The 15.5 million other people who remain without insurance are likely ineligible for either Medicaid or tax credits due to income, immigration status or availability of employer coverage. This includes 2.6 million poor adults — about one in 10 nonelderly uninsured people — who fall into a “coverage gap” in the 19 states that have not implemented ACA’s Medicaid expansion.

These individuals would become eligible for Medicaid if their state were to expand its Medicaid program as the ACA envisioned, but otherwise are likely to remain uninsured as they make too little money to qualify for marketplace tax credits and lack any other affordable coverage options.

Responding to the projected premium increases, Republican presidential candidate Donald Trump said, “It’s over for Obama­care.” He said his Democratic rival, Hillary Clinton, “wants to double down and make it more expensive and it’s not gonna work. … Our country can’t afford it, you can’t afford it.” He vowed that his own plan would deliver “great health care at a fraction of the cost.”
“The rates are going through the sky,” Trump said at another campaign rally. “Repealing Obamacare and stopping Hillary’s health care takeover is one of the single most important reasons that we must win on November 8.”

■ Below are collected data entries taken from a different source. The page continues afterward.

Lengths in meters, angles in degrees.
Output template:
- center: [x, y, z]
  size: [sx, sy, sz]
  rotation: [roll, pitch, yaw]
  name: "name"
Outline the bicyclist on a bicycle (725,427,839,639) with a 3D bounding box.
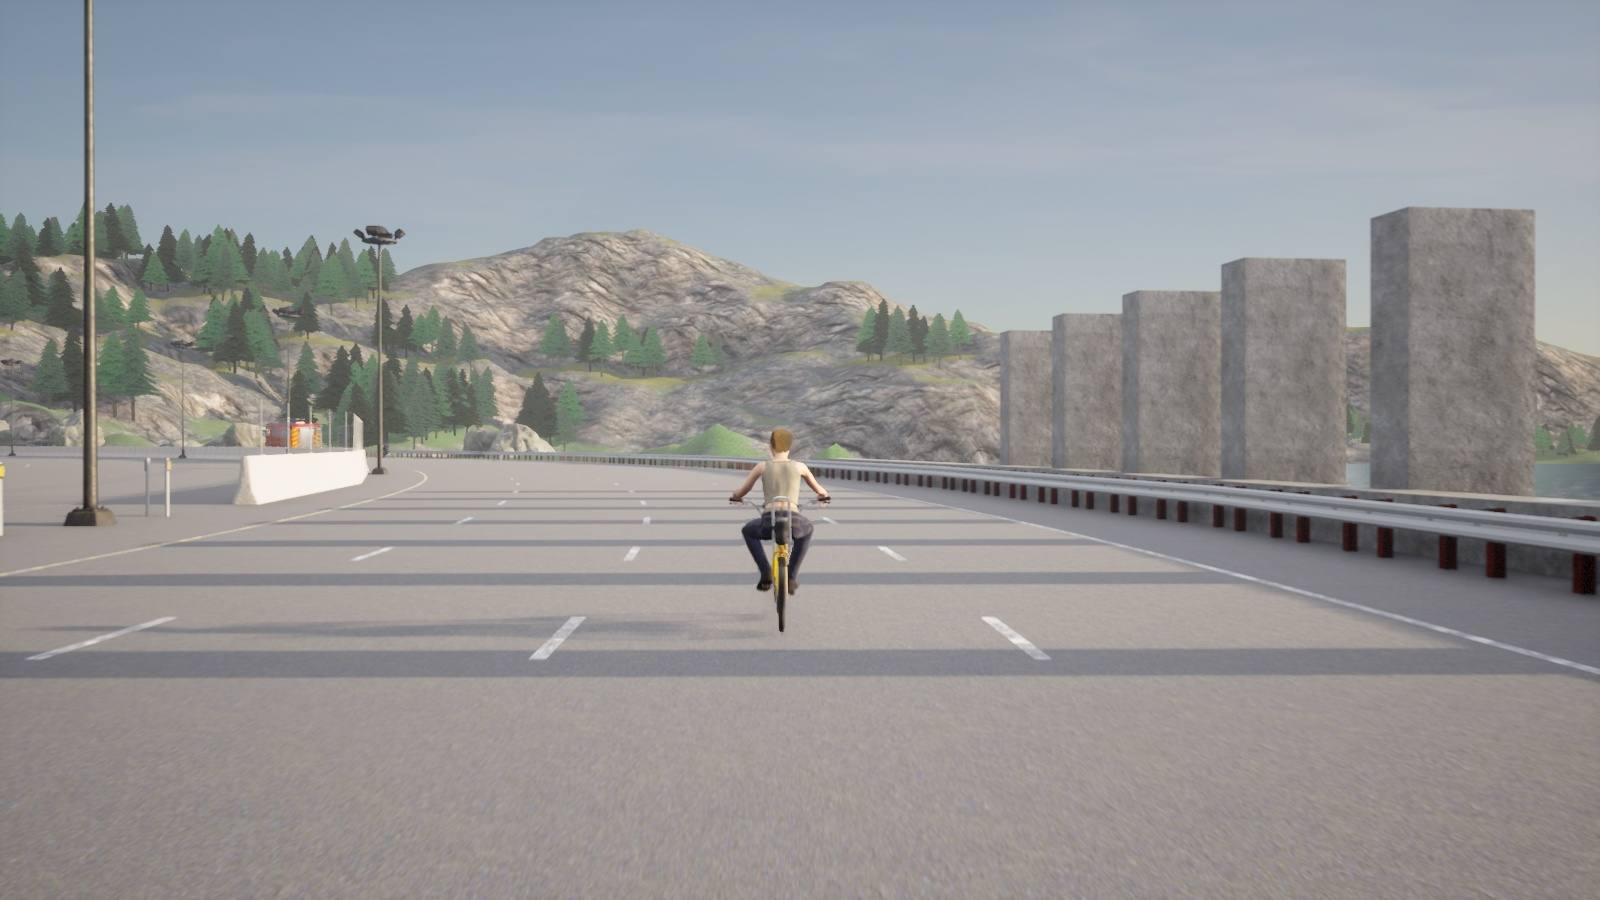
- center: [-0.161, 0.627, 10.317]
  size: [0.866, 1.612, 1.509]
  rotation: [0, 0, -2]
  name: "bicyclist on a bicycle"

Clinton said she was intent on making “changes to fix problems” in the law. She has said the federal government should be able to block or modify unreasonable rate increases, while calling for retaining what she says have been the law’s benefits.

Obama said last month, “Repeal is not the answer.” He told college students, “When one of these companies comes out with a new smartphone and it has a few bugs, what do they do? They fix it, they upgrade. Unless it catches fire … But you don’t go back to using a rotary phone. You don’t say, ‘We’re repealing smartphones.’ ”

“Part of the problem is that a Democratic president named Barack Obama wrote the law,” he added.